Let's say your final quote from a local engineer for an air-source heat pump installation is $2,000 for the heat pump itself and $1,500 for labor. Labor costs often include all materials, local permits, duct setup, and extra materials. If you go the DIY route, you need to factor in all those extra costs, too.

In short: by cutting out the professional, you may not save much in the long run. Not only is the installation a lengthy process on your own, but a heat pump's complicated wiring and ventilation setup means that one false move could lead to a costly and frustrating outcome.

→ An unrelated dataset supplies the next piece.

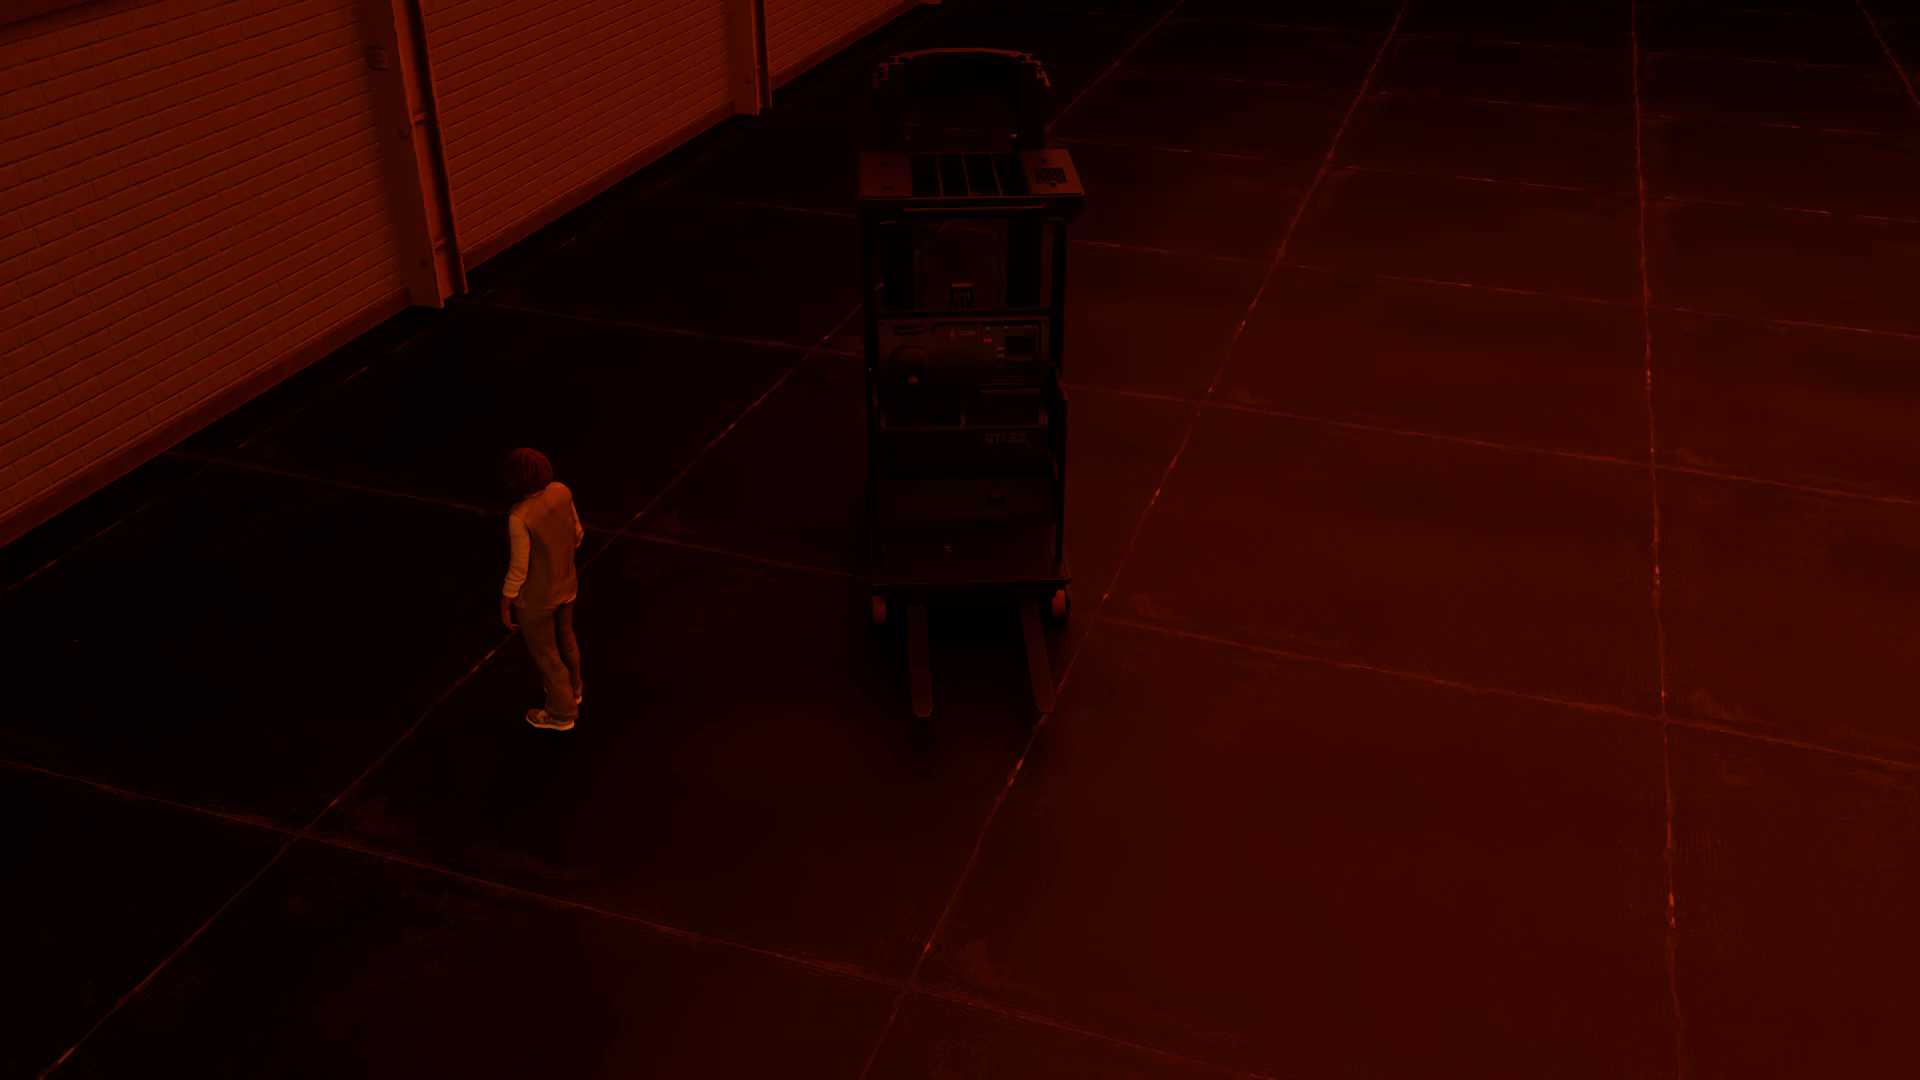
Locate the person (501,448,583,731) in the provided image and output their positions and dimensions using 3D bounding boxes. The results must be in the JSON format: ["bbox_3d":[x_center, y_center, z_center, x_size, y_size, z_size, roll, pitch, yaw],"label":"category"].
[{"bbox_3d":[-2.067,0.232,8.062,0.477,1.597,0.518,16,33,25],"label":"person"}]

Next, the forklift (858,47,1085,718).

DIY Heat Pump Installation Cost vs. Hiring a Pro 

Again, trying to DIY your heat pump installation could rack up your total price due to many additional cost factors—costing you money rather than saving you money. For this reason, it’s best to leave it to the professionals who have ample experience installing heat pumps, acquiring the correct local permits, and more. 

5 Ways to Save on Heat Pump Installation Costs  

With such a high price tag, you may be wondering how you can save money on your heat pump installation. Here are a few tips on how to save:

  1. Apply for a heat pump tax credit through the Inflation Reduction Act. Doing so could give you a hefty tax credit of $2,000 or $8,000 for some qualifying households.

  2. Check for local tax rebates.

  3. Pick the correct size for your heat pump.

  4. Install an air-source or mini-split heat pump.

  5. Choose a ductless heat pump if you don’t already have ductwork.

Frequently Asked Questions

Always consider the structure, location, and your home’s current HVAC system when choosing a heat pump. Heat pump costs primarily depend on the design you choose and the amount of installation required. 

A high-quality heat pump should last between 10 and 15 years, and while there are occasional maintenance issues, staying on top of these will help keep your heat pump running efficiently.